:: Given records ::
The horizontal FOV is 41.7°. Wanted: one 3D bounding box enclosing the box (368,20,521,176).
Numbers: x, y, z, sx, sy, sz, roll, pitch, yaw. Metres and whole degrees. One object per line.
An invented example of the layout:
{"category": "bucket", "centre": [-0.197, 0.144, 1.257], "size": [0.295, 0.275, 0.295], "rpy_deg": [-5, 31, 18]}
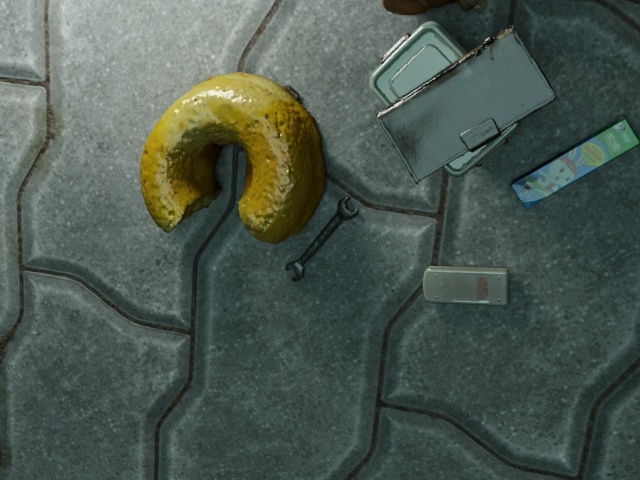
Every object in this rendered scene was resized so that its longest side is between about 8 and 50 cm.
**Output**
{"category": "box", "centre": [0.260, -0.293, 1.717], "size": [0.193, 0.167, 0.294], "rpy_deg": [-42, 92, 21]}

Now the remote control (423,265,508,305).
{"category": "remote control", "centre": [0.326, 0.102, 1.891], "size": [0.190, 0.029, 0.087], "rpy_deg": [0, 106, 16]}

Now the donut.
{"category": "donut", "centre": [-0.216, -0.182, 1.888], "size": [0.435, 0.163, 0.377], "rpy_deg": [3, 106, 16]}

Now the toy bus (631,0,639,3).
{"category": "toy bus", "centre": [0.631, -0.563, 1.526], "size": [0.232, 0.197, 0.294], "rpy_deg": [25, 111, -3]}

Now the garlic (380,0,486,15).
{"category": "garlic", "centre": [0.223, -0.538, 1.665], "size": [0.214, 0.191, 0.160], "rpy_deg": [9, 84, 25]}

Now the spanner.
{"category": "spanner", "centre": [0.000, 0.000, 1.960], "size": [0.054, 0.015, 0.254], "rpy_deg": [40, 112, 1]}

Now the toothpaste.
{"category": "toothpaste", "centre": [0.525, -0.161, 1.744], "size": [0.267, 0.050, 0.065], "rpy_deg": [-31, 93, 21]}

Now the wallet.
{"category": "wallet", "centre": [0.274, -0.256, 1.613], "size": [0.317, 0.044, 0.169], "rpy_deg": [-32, 92, 20]}
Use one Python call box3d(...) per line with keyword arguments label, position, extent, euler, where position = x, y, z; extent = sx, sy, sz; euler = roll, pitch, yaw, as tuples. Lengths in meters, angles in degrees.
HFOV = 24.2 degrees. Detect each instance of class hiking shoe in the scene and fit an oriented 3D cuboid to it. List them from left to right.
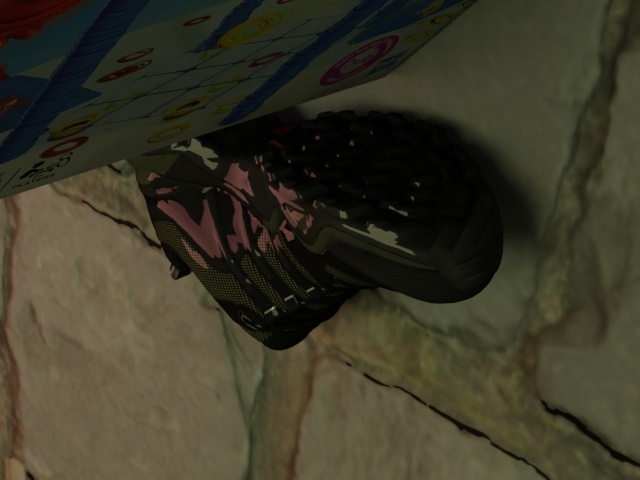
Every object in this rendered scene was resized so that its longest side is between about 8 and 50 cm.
box3d(label="hiking shoe", position=(0.000, 0.000, 0.703), extent=(0.227, 0.086, 0.114), euler=(21, 133, 44))

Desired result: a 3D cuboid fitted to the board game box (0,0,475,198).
box3d(label="board game box", position=(-0.007, -0.131, 0.482), extent=(0.302, 0.308, 0.086), euler=(-36, 80, 46))
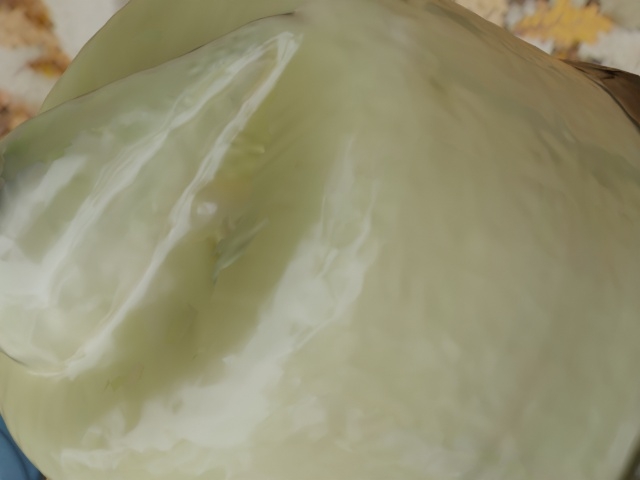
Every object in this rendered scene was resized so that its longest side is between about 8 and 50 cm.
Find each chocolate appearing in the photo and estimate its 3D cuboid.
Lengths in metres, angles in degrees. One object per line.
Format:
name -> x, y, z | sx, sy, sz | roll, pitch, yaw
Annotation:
chocolate -> 0.000, 0.000, 0.929 | 0.314, 0.326, 0.297 | 13, 158, 47

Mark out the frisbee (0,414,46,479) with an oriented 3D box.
frisbee -> -0.341, 0.173, 1.546 | 0.289, 0.289, 0.049 | -1, 151, 28
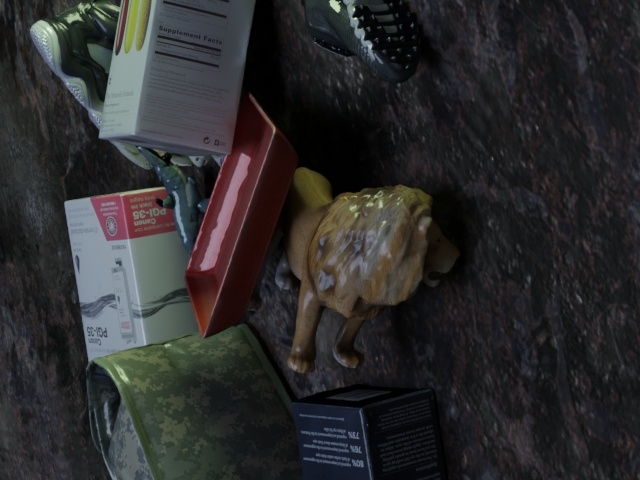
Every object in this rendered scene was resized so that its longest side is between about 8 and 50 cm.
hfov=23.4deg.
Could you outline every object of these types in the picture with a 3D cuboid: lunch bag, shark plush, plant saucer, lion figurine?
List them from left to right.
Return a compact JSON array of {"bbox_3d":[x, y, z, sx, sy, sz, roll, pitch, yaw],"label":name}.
[{"bbox_3d":[-0.195,-0.062,2.110,0.073,0.067,0.161,11,134,50],"label":"shark plush"},{"bbox_3d":[-0.159,0.258,2.033,0.287,0.235,0.169,66,148,19],"label":"lunch bag"},{"bbox_3d":[-0.093,-0.032,1.857,0.259,0.048,0.258,-124,52,-71],"label":"plant saucer"},{"bbox_3d":[0.000,0.000,1.814,0.392,0.142,0.240,38,121,51],"label":"lion figurine"}]

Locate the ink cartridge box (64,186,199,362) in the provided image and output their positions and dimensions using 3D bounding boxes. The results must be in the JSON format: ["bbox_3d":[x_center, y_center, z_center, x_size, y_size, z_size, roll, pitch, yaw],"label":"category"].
[{"bbox_3d":[-0.260,0.069,2.240,0.207,0.117,0.283,-4,95,57],"label":"ink cartridge box"}]

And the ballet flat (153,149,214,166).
[{"bbox_3d":[-0.175,-0.135,2.116,0.206,0.073,0.067,8,128,60],"label":"ballet flat"}]

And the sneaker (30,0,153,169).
[{"bbox_3d":[-0.278,-0.235,2.199,0.268,0.153,0.101,53,174,-24],"label":"sneaker"}]

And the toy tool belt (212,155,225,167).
[{"bbox_3d":[-0.109,-0.095,2.039,0.083,0.052,0.051,55,171,37],"label":"toy tool belt"}]

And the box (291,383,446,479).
[{"bbox_3d":[0.063,0.281,1.821,0.153,0.108,0.207,-3,97,57],"label":"box"}]

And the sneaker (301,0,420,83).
[{"bbox_3d":[0.040,-0.242,1.743,0.234,0.078,0.106,59,145,34],"label":"sneaker"}]

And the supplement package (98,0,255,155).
[{"bbox_3d":[-0.178,-0.237,1.944,0.139,0.134,0.244,3,83,63],"label":"supplement package"}]
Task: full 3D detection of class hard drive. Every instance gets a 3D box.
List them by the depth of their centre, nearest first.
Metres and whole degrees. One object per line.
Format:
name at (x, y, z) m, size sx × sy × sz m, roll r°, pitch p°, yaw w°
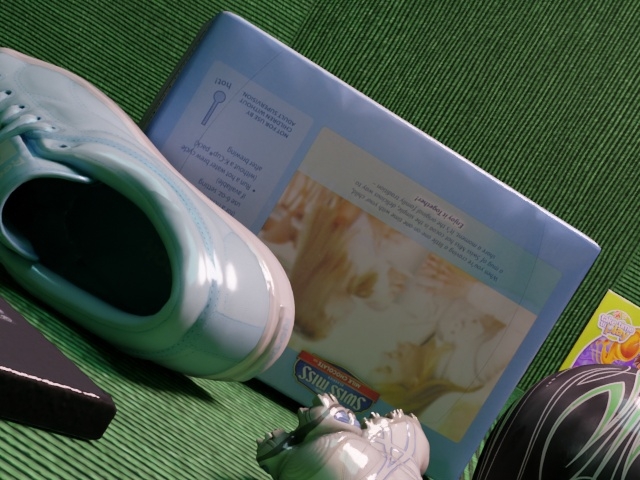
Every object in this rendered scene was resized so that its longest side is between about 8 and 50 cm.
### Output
hard drive at (-0.162, 0.039, 0.559) m, size 0.135 × 0.022 × 0.094 m, roll 33°, pitch 2°, yaw 39°

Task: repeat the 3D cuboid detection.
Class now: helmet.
helmet at (0.176, 0.157, 0.777) m, size 0.169 × 0.161 × 0.169 m, roll 32°, pitch 2°, yaw -1°

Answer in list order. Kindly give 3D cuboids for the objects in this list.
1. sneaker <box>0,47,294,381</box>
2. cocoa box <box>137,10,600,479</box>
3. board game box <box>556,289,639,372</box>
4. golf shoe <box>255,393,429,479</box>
sneaker at (-0.179, -0.044, 0.807) m, size 0.366 × 0.135 × 0.150 m, roll 31°, pitch -1°, yaw 24°
cocoa box at (0.000, 0.000, 1.013) m, size 0.347 × 0.231 × 0.228 m, roll 31°, pitch 2°, yaw -11°
board game box at (0.427, 0.247, 1.458) m, size 0.347 × 0.233 × 0.078 m, roll 31°, pitch 1°, yaw 11°
golf shoe at (0.028, 0.140, 0.683) m, size 0.086 × 0.069 × 0.176 m, roll 54°, pitch 14°, yaw 22°
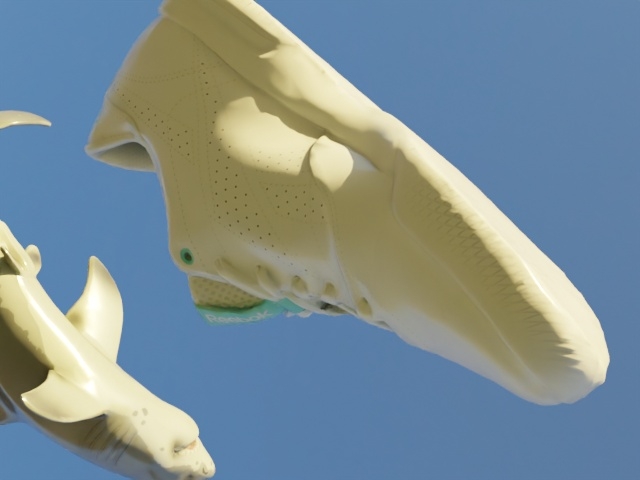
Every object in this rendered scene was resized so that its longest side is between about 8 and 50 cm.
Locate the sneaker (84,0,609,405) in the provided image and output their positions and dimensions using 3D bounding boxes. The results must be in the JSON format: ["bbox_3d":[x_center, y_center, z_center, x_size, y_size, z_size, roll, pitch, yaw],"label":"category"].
[{"bbox_3d":[0.000,0.000,0.510,0.094,0.080,0.212,-50,-125,4],"label":"sneaker"}]

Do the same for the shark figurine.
[{"bbox_3d":[-0.189,0.044,0.889,0.116,0.166,0.278,-37,-102,21],"label":"shark figurine"}]
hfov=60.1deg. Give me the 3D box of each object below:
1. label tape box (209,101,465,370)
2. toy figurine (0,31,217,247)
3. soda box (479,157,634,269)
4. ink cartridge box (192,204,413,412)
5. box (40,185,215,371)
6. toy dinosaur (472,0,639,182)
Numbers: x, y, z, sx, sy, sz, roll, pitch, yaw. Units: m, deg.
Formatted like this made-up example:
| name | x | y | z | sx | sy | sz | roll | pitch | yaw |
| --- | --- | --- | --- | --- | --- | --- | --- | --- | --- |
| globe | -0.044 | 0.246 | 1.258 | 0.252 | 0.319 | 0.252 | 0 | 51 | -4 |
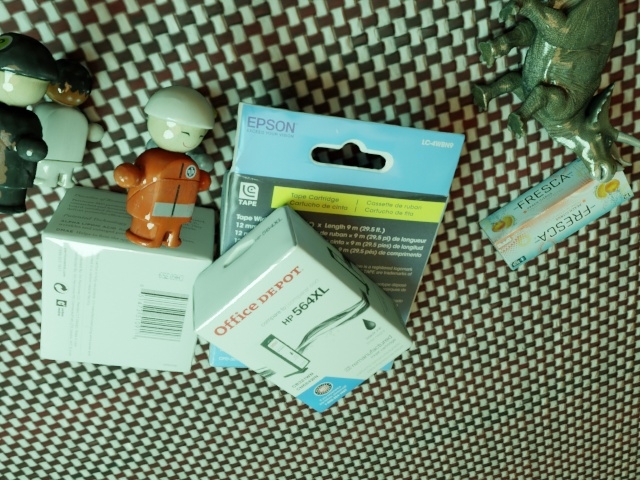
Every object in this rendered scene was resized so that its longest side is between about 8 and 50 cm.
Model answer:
| name | x | y | z | sx | sy | sz | roll | pitch | yaw |
| --- | --- | --- | --- | --- | --- | --- | --- | --- | --- |
| label tape box | 0.000 | 0.000 | 0.690 | 0.249 | 0.115 | 0.347 | 5 | 119 | -13 |
| toy figurine | -0.206 | -0.100 | 0.538 | 0.213 | 0.209 | 0.148 | 14 | 103 | -10 |
| soda box | 0.313 | -0.042 | 0.742 | 0.183 | 0.058 | 0.063 | -34 | 121 | 14 |
| ink cartridge box | -0.020 | 0.082 | 0.617 | 0.148 | 0.086 | 0.203 | -40 | 123 | 15 |
| box | -0.232 | 0.049 | 0.678 | 0.182 | 0.119 | 0.180 | 9 | 120 | -14 |
| toy dinosaur | 0.265 | -0.212 | 0.613 | 0.161 | 0.121 | 0.313 | -20 | 119 | -10 |
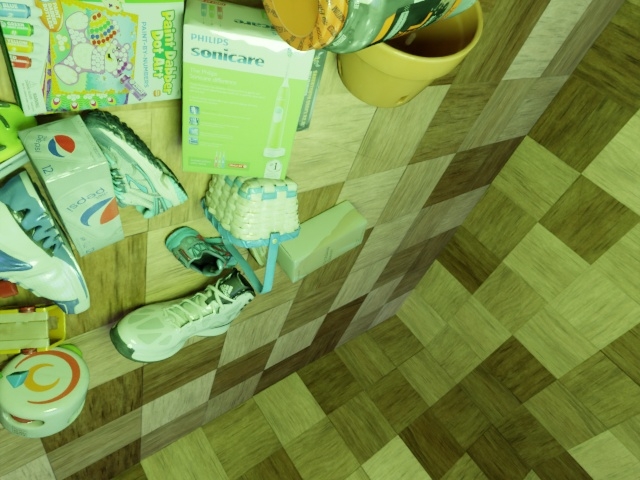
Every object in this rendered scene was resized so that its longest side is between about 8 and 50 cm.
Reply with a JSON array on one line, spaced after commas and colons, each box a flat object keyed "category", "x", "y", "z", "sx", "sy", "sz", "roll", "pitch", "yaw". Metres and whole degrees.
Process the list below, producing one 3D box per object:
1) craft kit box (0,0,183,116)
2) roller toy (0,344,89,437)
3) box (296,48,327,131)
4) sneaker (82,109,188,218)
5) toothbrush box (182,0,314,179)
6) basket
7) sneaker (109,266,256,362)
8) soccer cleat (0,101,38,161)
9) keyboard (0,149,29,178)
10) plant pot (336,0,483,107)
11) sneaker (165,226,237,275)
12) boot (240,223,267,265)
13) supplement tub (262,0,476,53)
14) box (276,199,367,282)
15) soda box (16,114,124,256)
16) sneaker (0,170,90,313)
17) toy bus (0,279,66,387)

:: Exercise ::
Reproduce, word for word, the lines of the data from the one that contains "4) sneaker (82,109,188,218)" to the end, both ends included.

:: Answer to this task ::
4) sneaker (82,109,188,218)
5) toothbrush box (182,0,314,179)
6) basket
7) sneaker (109,266,256,362)
8) soccer cleat (0,101,38,161)
9) keyboard (0,149,29,178)
10) plant pot (336,0,483,107)
11) sneaker (165,226,237,275)
12) boot (240,223,267,265)
13) supplement tub (262,0,476,53)
14) box (276,199,367,282)
15) soda box (16,114,124,256)
16) sneaker (0,170,90,313)
17) toy bus (0,279,66,387)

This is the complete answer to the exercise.